Through the above investigation, the researchers discerned the principles of play for addictive entertainment. The four measures of the game progress model—game length, velocity, acceleration, and jerk—correspond respectively to reward cost, reward frequency, uncertainty, and unpredictability. Further, they determine game fairness, reinforcement, attractiveness, and surprise, respectively.
“These components highlight the potential of GR and AD measures as powerful tools to understand gameplay. They will prove useful in making games more attractive and educational. Not just games, the findings of this study can be extended to help make any normal and mundane activity engaging, enjoyable, surprising, and even addictive. In essence, the boundary between work and play can get blurred, leading to an ultimate sense of achievement and passion,”
concludes Prof.
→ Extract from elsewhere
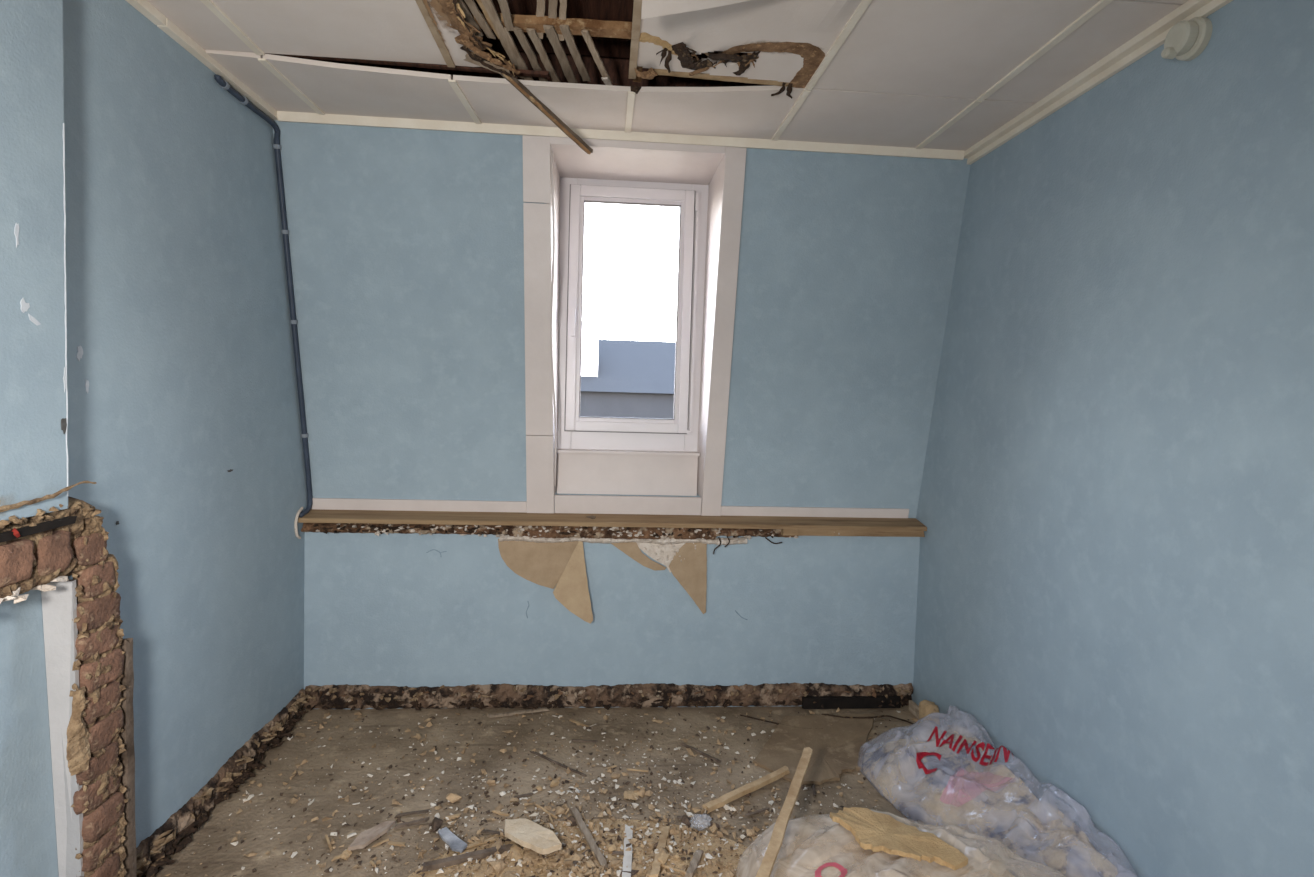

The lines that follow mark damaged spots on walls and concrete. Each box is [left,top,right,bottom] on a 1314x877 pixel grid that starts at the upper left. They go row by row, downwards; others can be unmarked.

Khalid.
About Japan Advanced Institute of Science and Technology, Japan
|Title of original paper:
||Implications of Jerk's On the Measure of Game's Entertainment: Discovering Potentially Addictive Games
Founded in 1990 in Ishikawa prefecture, the Japan Advanced Institute of Science and Technology (JAIST) was the first independent national graduate school in Japan. Now, after 30 years of steady progress, JAIST has become one of Japan’s top-ranking universities. JAIST counts with multiple satellite campuses and strives to foster capable leaders with a state-of-the-art education system where diversity is key; about 40% of its alumni are international students. The university has a unique style of graduate education based on a carefully designed coursework-oriented curriculum to ensure that its students have a solid foundation on which to carry out cutting-edge research. JAIST also works closely both with local and overseas communities by promoting industry–academia collaborative research.
About Assistant Professor Mohd. Nor Akmal Khalid of JAIST, Japan
Dr. Mohd Nor Akmal Khalid is an Assistant Professor at the School of Information Science, Japan Advanced Institute of Science and Technology, a member of Research Center for Entertainment Science, and a member of the International Research Center for Artificial Intelligence and Entertainment Science. He obtained his B.Sc., M.Sc., and a Ph.D. degree from the University of Science, Malaysia. His work focuses on the methods for optimization and game informatics in the fields of operation research and entertainment technology. His topics of interest include artificial intelligence techniques, manufacturing systems, search algorithms, evolutionary computing, advancement in scheduling and planning, and machine learning.
This work was supported by the Japan Society for the Promotion of Science, in the Framework of the Grant-in-Aid for Challenging Exploratory Research under Grant 19K22893.